Podemos encontrar herdades impressionantes na extensão, vinhas colossais que se estendem até onde a vista alcança, ao mesmo tempo que avistamos pequenas hortas, vinhas de projectos pequenos que por vezes desafiam a lógica financeira. Podemos encontrar muitas vinhas jovens conduzidas de forma moderna e segundo as tendências da moda a par de vinhas muito velhas, algumas delas sem condução aparente e dispostas individualmente em taça, mantendo o aspecto de um classicismo desmesurado.

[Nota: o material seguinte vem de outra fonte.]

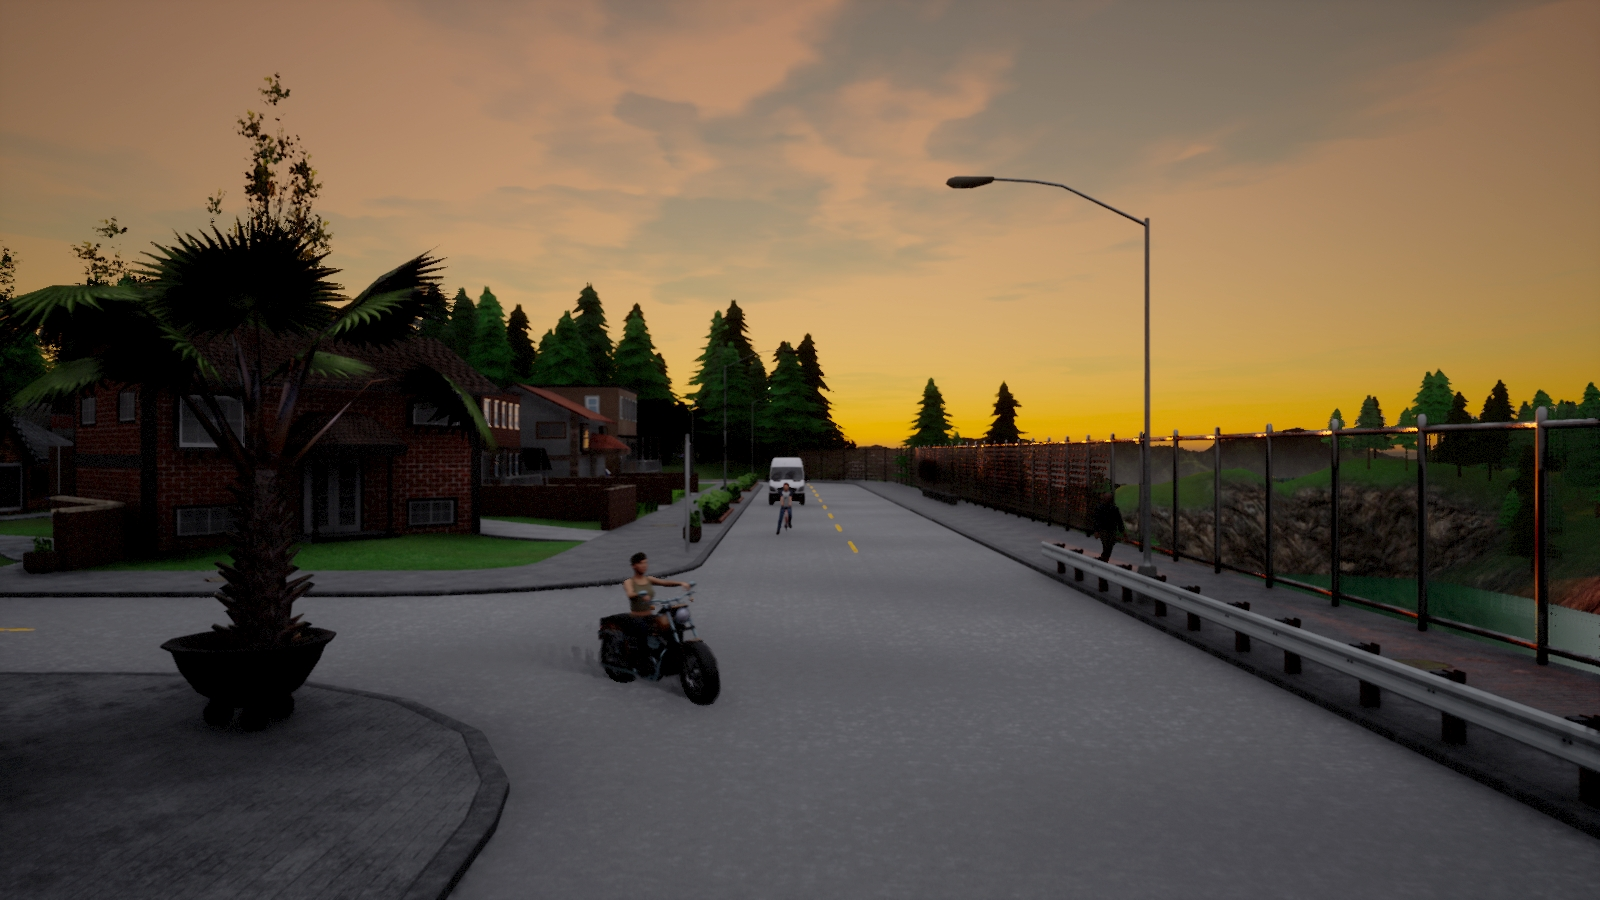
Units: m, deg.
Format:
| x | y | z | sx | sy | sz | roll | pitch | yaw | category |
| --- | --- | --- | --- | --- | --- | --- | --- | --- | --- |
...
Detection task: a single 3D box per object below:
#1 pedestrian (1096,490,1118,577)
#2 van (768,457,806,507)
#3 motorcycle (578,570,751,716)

No Alentejo podemos encontrar vinhas recheadas por uma macedónia de castas regionais e provenientes de outras paragens, variedades nacionais ou estrangeiras, a par com algumas das resistentes regionais hoje quase perdidas e frequentemente desvalorizadas. Uma diversidade notável que não esconde uma preocupação natural sobre quantas variedades alentejanas terão sido perdidas durante a malfadada campanha cerealífera do Estado Novo? Mas também uma diversidade que tem vindo a ser preservada e resgatada do esquecimento graças ao empenho dedicado de um pequeno grupo de pequenos e grandes produtores da região que não poupam esforços para defender o património genético alentejano.

Falamos do Alentejo como se fosse uma só realidade, usamos a palavra no singular quando na verdade deveríamos falar do Alentejo no plural. Referimo-nos ao Alentejo como o grande sul, esquecendo-nos que geograficamente uma parte significativa do Alentejo reside no centro de Portugal. Basta pensar que Borba se situa a norte de Lisboa ou que Portalegre se situa mais a norte que a cidade de Santarém.

O Alentejo oferece muitas esquinas, muitas personalidades e muitos feitios. Algumas dessas faces, as menos tradicionais, raramente estão representadas no estereótipo do Alentejo, um Alentejo diferente que se aparta dos chavões do costume. Existe o Alentejo das searas e dos olivais, o Alentejo fresco mas seco, o Alentejo das terras do Norte mas também o Alentejo raiano de terras recentemente desbravadas que não tinham tradição na vinha. Existe o Alentejo das montanhas, as serras de solos rochosos e paupérrimos mas de clima fresco e húmido, de água pródiga e de longa tradição na vinha. E existe ainda um Alentejo da água farta e copiosa, o Alentejo da exuberância do verde e do barro onde a vinha cresce e floresce com a vista dos arrozais a pontuar o horizonte.

Um Alentejo de concepções divergentes que alarga os conceitos e fundamentos da região ilustra a diversidade da região que garante que os vinhos alentejanos estão longe de apresentar um discurso monocórdico.